Read a poem, essay, or a book. When you’re done with a portion or the whole think about what it felt like reading the piece. How did your body feel? What was the relationship between the world in the pages and the physical environment around you? How does the physical world affect your experience of the imagined world and vice versa? What invited you into the story and what kept you out? What were you fighting or rejecting? What made it easy to float off into the author’s universe? How is the art both yours and the author’s?
Draw a bunch of squiggled up, zig-zag, ball of string chaotic doodle messes on a piece of paper. Color in all the spaces to your liking. Maybe heavily outline or smooth out your squiggles. Maybe press real hard and break crayons with your hand's need for force. Maybe an image emerges from all your nothing, or maybe not. Try to let yourself feel/sense/know what you’d like to do without trying to make a finished product. If it feels good do it. And try to stick with feeling and veer away from judging. If it feels hard and you keep getting upset that you don’t know what you’re doing, or your work is ugly and it’s not coming out right—yikes! this is what we’ve done to ourselves and our creativity. There’s nothing wrong with you! But it could be worth your while to practice doing this often, every day even, to regrow your muscles for play, directionless adventure, and whimsy.

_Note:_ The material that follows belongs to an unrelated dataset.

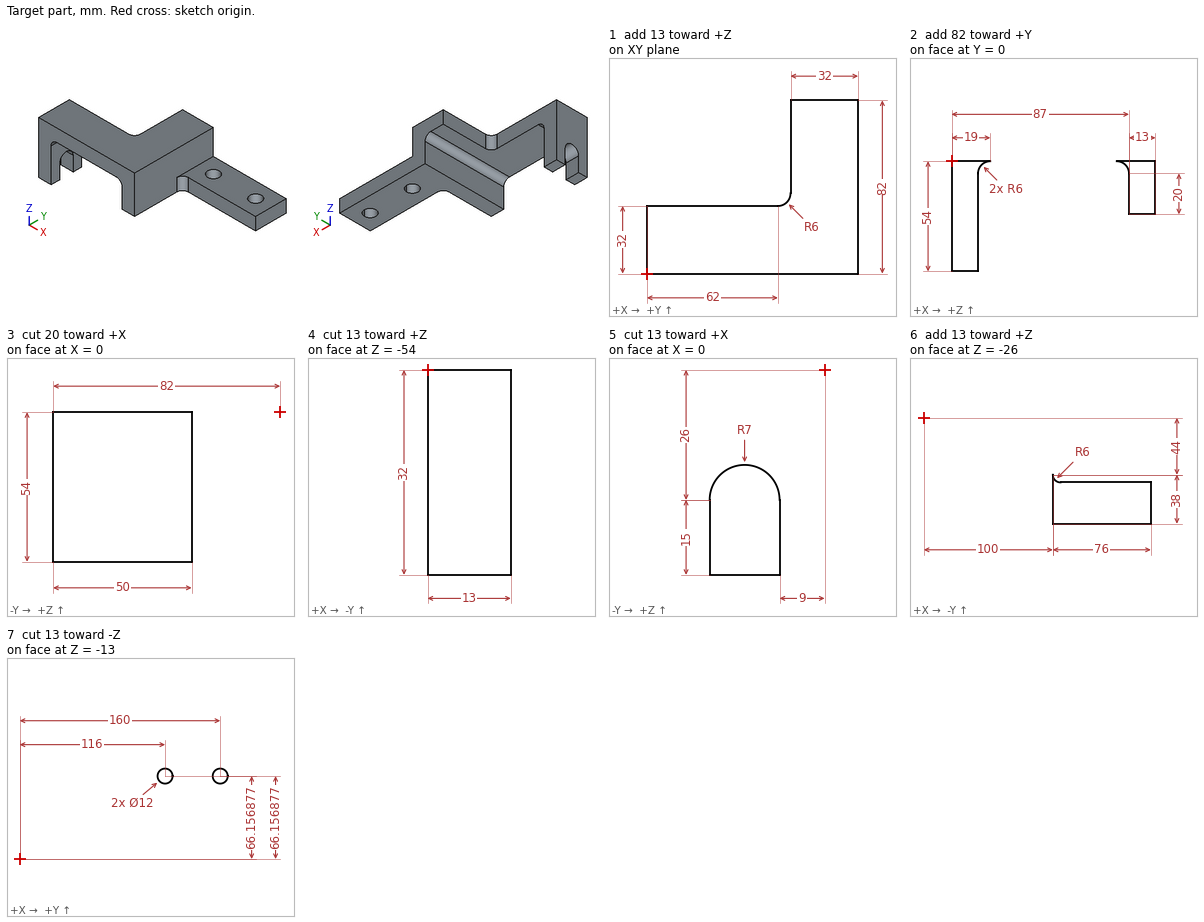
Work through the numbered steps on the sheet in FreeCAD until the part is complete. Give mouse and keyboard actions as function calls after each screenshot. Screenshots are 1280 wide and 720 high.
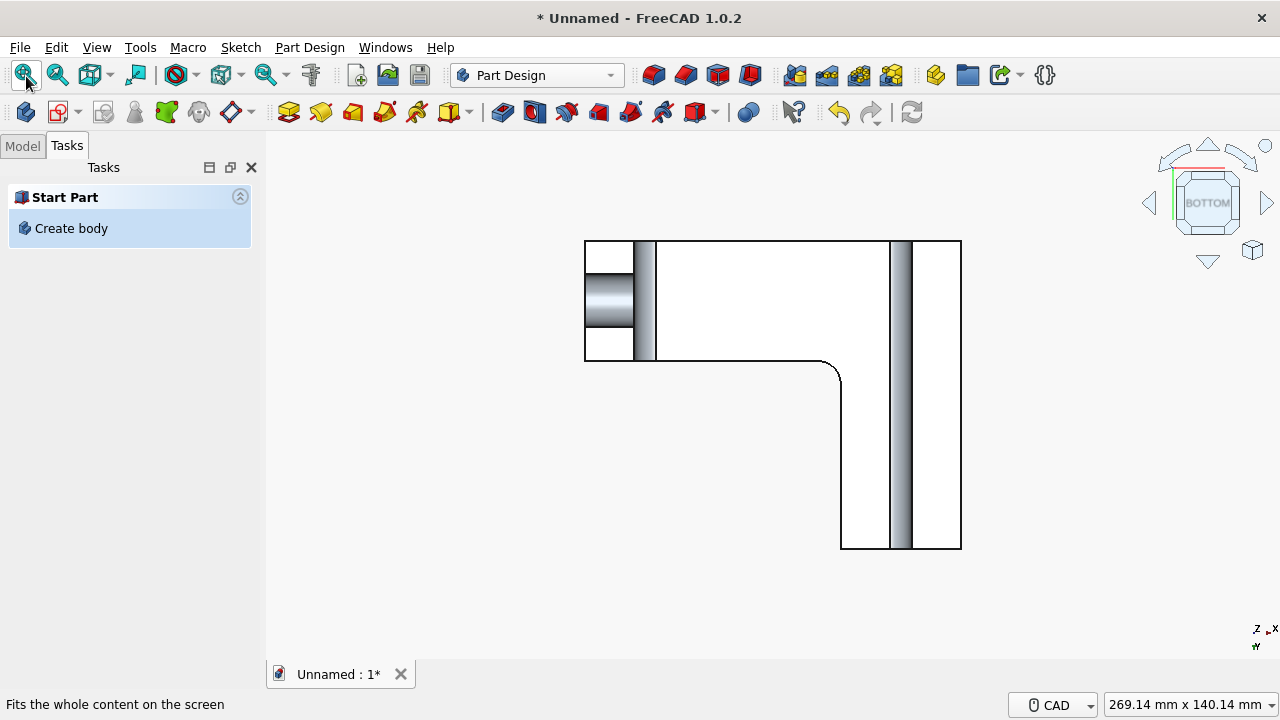
click(937, 482)
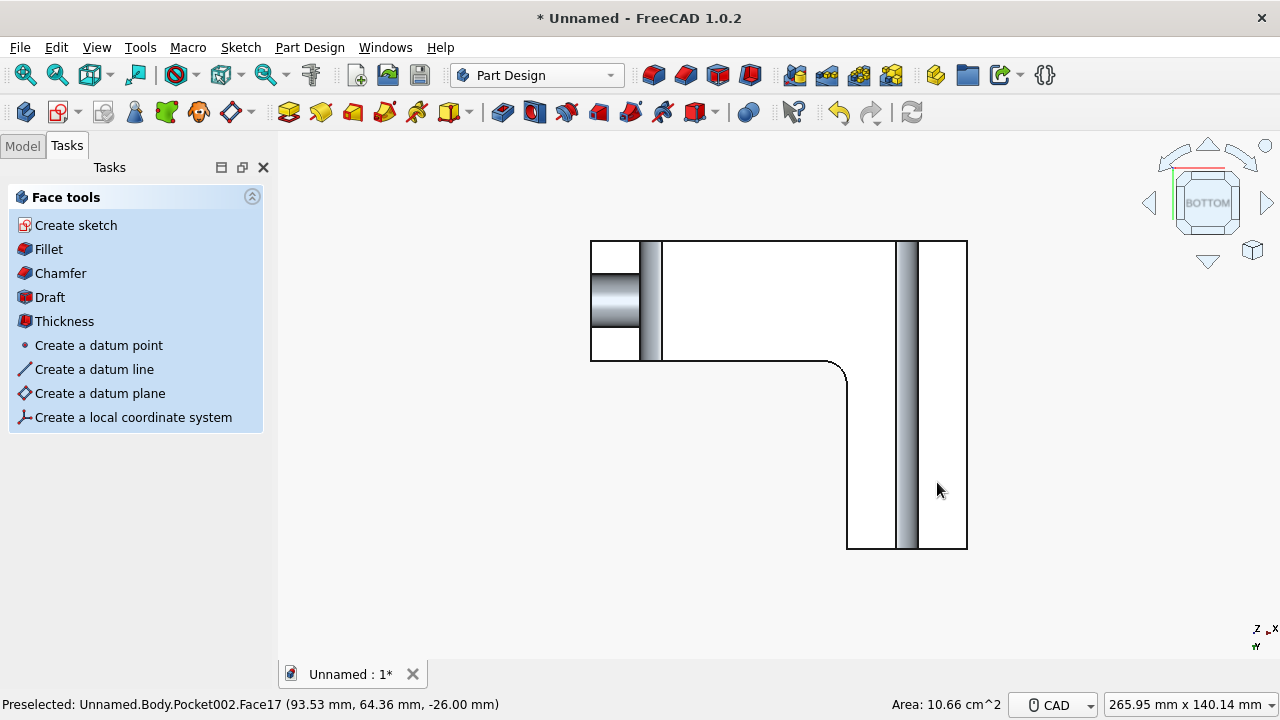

Can you imagine life before the internet?! Having to come up with all this stuff to do? Wild, I know. But it might be soothing and fun to pretend like we’re back in the olden days craving some ways to dream the day away and pass a little time. Abolition is also about freeing our minds from limiting beliefs and cultural expectation. We need to remember how to dream beyond the ceiling and read the colors between the lines. I hope these assignments can help get you started.